According to Ryan, what was lovely about the darker walls made of wood was that daylight would come through the big windows and light the characters, but not necessarily much else. The backgrounds soaked up all the light, and that gave a lush quality to the images. He also pointed out that Lanthimos had chosen those locations for the lighting more than anything else, as he really enjoyed the idea of having the light source be the large windows from one direction. 

“The palette was kind of down to the location more than anything. The great thing about shooting on film is that it renders what it sees very beautifully. It doesn’t show a heck of a lot more to what’s already there, and it somehow wraps it all up in a nice beautiful image,” said Ryan, who also recognized the help provided by fellow DP Stephen Murphy, who took over the cinematography for a week while he was out dealing with a family bereavement. 

Aside from its aesthetic benefits, Ryan prefers shooting on film because it reduces the number of people in the production and removes some of the anxiety brought associated with digital moviemaking. “It strips back a lot of the technical side of the process,” said the cinematographer. He believes it is ideal to shoot with the least amount monitors around possible, and film allows that because no one is trying to fix the footage on set. “The loader is there to take the film and box it up and send it to a laboratory, so all of the DIT or the on-set grading doesn’t exist, which is to me a very nice benefit.” 

Once you’ve filmed it, he said, you forget about it until the next day, when you the records back. It’s only then that he and his crew think about what is right or wrong. It’s a different mindset, because you’re not thinking about it in the moment you’re filming it. I think that’s a huge difference, because it means you can concentrate on what you need to get done in the day,” adds Ryan. There is one no one pouring over each shot problem—solving visual elements. 

“When you’re on set shooting digital, people tend to get a little bit obsessed with looking at the monitor and trying to grade it on set. Ultimately, it doesn’t matter, because it’s all going to get graded down two, three or maybe six months later. I love the fact that film cancels that out instantly,” Ryan concluded. 

Lanthimos and Ryan’s artistic partnership was based on the director’s need for someone willing to step out of conventions, and in that regard he found a remarkable risk-taker in Ryan. “I like is when DPs are fearless, bold, and eager to try new things. When they dare to go into places that they might feel are uncomfortable or dangerous. Ultimately, you’re rewarded in the end,” said the helmer. Before considering Ryan, he had seen most of his repertoire, not only in feature films but also in music videos and commercials. Even if Lanthimos was asking for something quite different to he had done up to that point, Ryan delivered both in craft and courage.  

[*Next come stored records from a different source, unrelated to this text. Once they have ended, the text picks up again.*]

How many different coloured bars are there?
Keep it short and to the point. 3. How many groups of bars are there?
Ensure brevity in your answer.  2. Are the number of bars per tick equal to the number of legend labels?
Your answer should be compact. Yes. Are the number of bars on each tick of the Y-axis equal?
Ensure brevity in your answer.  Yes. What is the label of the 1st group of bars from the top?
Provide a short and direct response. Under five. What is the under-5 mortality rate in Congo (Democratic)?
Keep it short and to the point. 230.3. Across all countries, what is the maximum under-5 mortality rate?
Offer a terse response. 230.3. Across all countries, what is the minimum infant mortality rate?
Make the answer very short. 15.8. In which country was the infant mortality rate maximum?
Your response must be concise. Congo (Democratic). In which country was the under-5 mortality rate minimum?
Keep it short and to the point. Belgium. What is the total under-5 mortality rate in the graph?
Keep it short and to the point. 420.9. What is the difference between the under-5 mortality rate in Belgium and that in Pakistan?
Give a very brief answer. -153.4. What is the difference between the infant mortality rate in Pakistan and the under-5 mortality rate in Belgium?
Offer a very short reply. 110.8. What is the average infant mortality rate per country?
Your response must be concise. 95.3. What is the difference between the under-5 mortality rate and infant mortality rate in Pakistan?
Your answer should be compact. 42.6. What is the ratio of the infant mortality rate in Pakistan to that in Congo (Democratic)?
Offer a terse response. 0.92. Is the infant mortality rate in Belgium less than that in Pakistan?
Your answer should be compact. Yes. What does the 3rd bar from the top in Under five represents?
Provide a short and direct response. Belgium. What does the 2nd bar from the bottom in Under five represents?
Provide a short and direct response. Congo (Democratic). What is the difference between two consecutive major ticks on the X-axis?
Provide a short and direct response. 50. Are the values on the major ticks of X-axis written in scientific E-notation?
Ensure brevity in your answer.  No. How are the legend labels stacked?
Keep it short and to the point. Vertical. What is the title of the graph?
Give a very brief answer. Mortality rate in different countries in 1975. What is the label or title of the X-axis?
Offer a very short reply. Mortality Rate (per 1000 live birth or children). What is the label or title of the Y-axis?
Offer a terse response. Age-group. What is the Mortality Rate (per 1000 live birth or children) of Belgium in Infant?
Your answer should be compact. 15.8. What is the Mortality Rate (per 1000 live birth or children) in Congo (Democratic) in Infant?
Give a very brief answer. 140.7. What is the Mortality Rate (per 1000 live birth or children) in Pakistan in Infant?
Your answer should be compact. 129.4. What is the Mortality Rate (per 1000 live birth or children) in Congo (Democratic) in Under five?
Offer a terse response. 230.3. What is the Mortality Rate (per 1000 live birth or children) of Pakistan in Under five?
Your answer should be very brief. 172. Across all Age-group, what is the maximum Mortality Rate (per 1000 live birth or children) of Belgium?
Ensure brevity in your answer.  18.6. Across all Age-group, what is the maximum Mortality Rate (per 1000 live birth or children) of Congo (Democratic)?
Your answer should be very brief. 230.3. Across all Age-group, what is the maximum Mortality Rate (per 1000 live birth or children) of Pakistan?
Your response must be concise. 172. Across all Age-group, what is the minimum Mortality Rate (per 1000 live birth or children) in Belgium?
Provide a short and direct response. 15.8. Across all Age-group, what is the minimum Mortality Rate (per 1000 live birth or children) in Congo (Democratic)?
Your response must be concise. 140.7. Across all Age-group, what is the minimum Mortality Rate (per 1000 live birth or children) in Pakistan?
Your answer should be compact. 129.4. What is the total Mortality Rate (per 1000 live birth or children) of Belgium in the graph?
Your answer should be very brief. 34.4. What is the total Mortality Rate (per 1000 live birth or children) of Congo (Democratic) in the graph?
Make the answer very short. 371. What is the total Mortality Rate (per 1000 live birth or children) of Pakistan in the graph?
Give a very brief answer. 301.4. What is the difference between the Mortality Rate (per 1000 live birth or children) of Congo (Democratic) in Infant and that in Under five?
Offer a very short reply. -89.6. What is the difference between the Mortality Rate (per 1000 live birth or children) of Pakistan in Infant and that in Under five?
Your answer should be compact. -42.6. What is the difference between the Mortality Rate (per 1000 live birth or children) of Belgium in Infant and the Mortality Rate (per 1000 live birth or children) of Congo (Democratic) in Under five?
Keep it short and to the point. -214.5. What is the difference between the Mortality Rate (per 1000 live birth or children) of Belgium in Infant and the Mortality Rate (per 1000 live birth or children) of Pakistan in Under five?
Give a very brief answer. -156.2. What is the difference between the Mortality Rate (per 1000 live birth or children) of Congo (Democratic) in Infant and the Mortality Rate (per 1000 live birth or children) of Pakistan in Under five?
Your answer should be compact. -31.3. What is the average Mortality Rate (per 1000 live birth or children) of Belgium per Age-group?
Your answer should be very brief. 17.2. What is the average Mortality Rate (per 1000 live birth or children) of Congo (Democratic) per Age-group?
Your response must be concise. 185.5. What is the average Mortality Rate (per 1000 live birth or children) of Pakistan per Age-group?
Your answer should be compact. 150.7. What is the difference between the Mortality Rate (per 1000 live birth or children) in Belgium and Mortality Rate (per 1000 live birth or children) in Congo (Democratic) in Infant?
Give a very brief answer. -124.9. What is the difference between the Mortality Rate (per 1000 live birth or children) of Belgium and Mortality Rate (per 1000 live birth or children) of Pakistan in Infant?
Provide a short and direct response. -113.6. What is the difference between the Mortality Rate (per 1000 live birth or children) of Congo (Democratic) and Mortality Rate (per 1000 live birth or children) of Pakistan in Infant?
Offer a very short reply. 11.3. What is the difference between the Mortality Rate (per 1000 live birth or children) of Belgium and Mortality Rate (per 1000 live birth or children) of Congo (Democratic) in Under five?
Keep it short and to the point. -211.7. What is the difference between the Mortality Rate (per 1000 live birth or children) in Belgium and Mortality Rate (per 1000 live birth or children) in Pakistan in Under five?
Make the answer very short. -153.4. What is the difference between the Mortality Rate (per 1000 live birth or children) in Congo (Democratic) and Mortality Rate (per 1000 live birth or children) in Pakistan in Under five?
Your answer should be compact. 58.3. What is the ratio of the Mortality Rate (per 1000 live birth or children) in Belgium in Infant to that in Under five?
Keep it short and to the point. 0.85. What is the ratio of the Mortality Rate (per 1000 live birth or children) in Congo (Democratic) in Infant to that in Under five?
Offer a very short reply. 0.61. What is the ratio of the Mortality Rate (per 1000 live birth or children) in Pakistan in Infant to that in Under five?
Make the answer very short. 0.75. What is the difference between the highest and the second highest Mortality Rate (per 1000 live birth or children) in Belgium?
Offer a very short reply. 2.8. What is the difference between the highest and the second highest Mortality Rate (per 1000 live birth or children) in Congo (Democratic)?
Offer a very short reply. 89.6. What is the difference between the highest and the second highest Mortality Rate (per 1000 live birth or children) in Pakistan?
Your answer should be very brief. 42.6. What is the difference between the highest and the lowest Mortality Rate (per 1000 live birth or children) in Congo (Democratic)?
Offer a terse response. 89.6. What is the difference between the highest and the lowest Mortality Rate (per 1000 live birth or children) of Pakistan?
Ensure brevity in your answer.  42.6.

For his part, Ryan was glad to have devoted himself to The Favourite’s success. That meant aligning his talent and skills with Lanthimos’s overall enterprise. “The best approach is always being able to adapt to a director’s particular style. To not necessarily impose your own style on that director. Unless they’re looking for something, it’s better that you try and adapt to their thinking,” he said. “Hopefully, whatever you can bring to a project will filter through into whatever their ideas are, and it’s a nice fusing.”  MM

The Favourite opened in theaters November 23, 2018, courtesy of Fox Searchlight. All images courtesy of Fox Searchlight.